Additional instructions for Project 4

1. We distingiush between lowercase and uppercase letters for example words
"The" and "the" are different beause of the case of the first letter 't'.The
integer value used for the letters should be the ASCII value of the letter.

2. You have to read the words directly from the files text1 and text2 using
filereader. No command line arguments are provided. The project files are
executed using
        java project4
 

3. The index 0 is the rightmost letter of the word. For example if the word is
"Purdue" then x0 is 'e',x1 is the rightmost 'u',x2 is 'd' and so on.

4.Every punctuation mark separates a word from other.The special case is the
hyphen('-').If two words are connected with the hyphen then that is a single
word. For example "foo-bar" is a single word and NOT two different words
separated by a hyphen. And each word is inserted only once.
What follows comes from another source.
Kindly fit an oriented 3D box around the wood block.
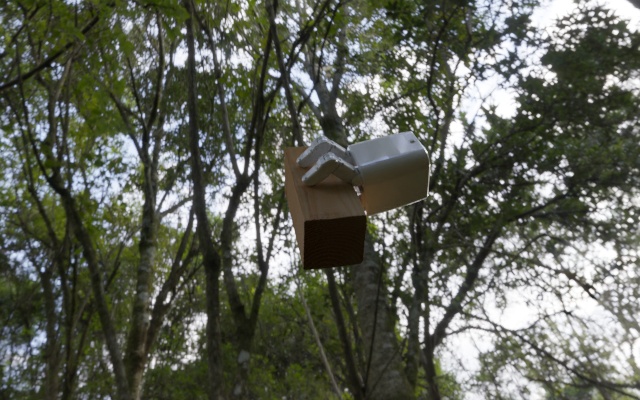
[{"bbox_3d":[0.000,0.003,0.744,0.090,0.091,0.206,-5,35,-9],"label":"wood block"}]

5.Since the size of a hashtable should be a prime number, whenever the load
factor increases above 0.95 ,you dont have to just double the the size of
the hashtable. Instead you go as the following. You start with size B = 71,
if you have to increase you increase it to B = 149 then to B= 307 then to B=617
The final size of the hashtable will be one of the above values of B only.

6.You have to calculate the avarage number of comparison for different
load factor ranges. Have five different counts, each one for a particular range.
Whenever you find a collision in the HashTable for text1, check the load factor
at this point and increment the appropriate variable depending on the load factor.

7.  Each time you pass the load factor of 0.95, you have to make a new hash table
with double the number of hash entries (Use the values provided for B ).Each time
you make a new hashtable you  have to rehash the entries that were present in old
hashtable to the new  hashtable. And you have to throw away the previous counts
(the average number of comparisons)and start recomputing as you insert into the
new hashtable.

8.  For counting the distinct words, count all the words in a file except those which
already occured. For example, if the word 'ALICE' appears twice, count it only once.

9. Finally you have to compute the average number of comparisons per word
from the counts for each range. The count divided by the total number of words
inserted in that range gives the average number for that range.

10.This project will be graded manually so you need not worry about extra spaces or
delimiters. However, your format should  look like this:
(Note: This is not a sample solution..)

Common words: Alice Jump She

Distinct words:
text1=10
text2=6

Average Number of Comparisions:
[0,0.5) =2.0
[0.5,0.65)= 3.2
[0.65,0.75)= 6.10
[0.75,0.85) =9.02
[0.85,0.95) =11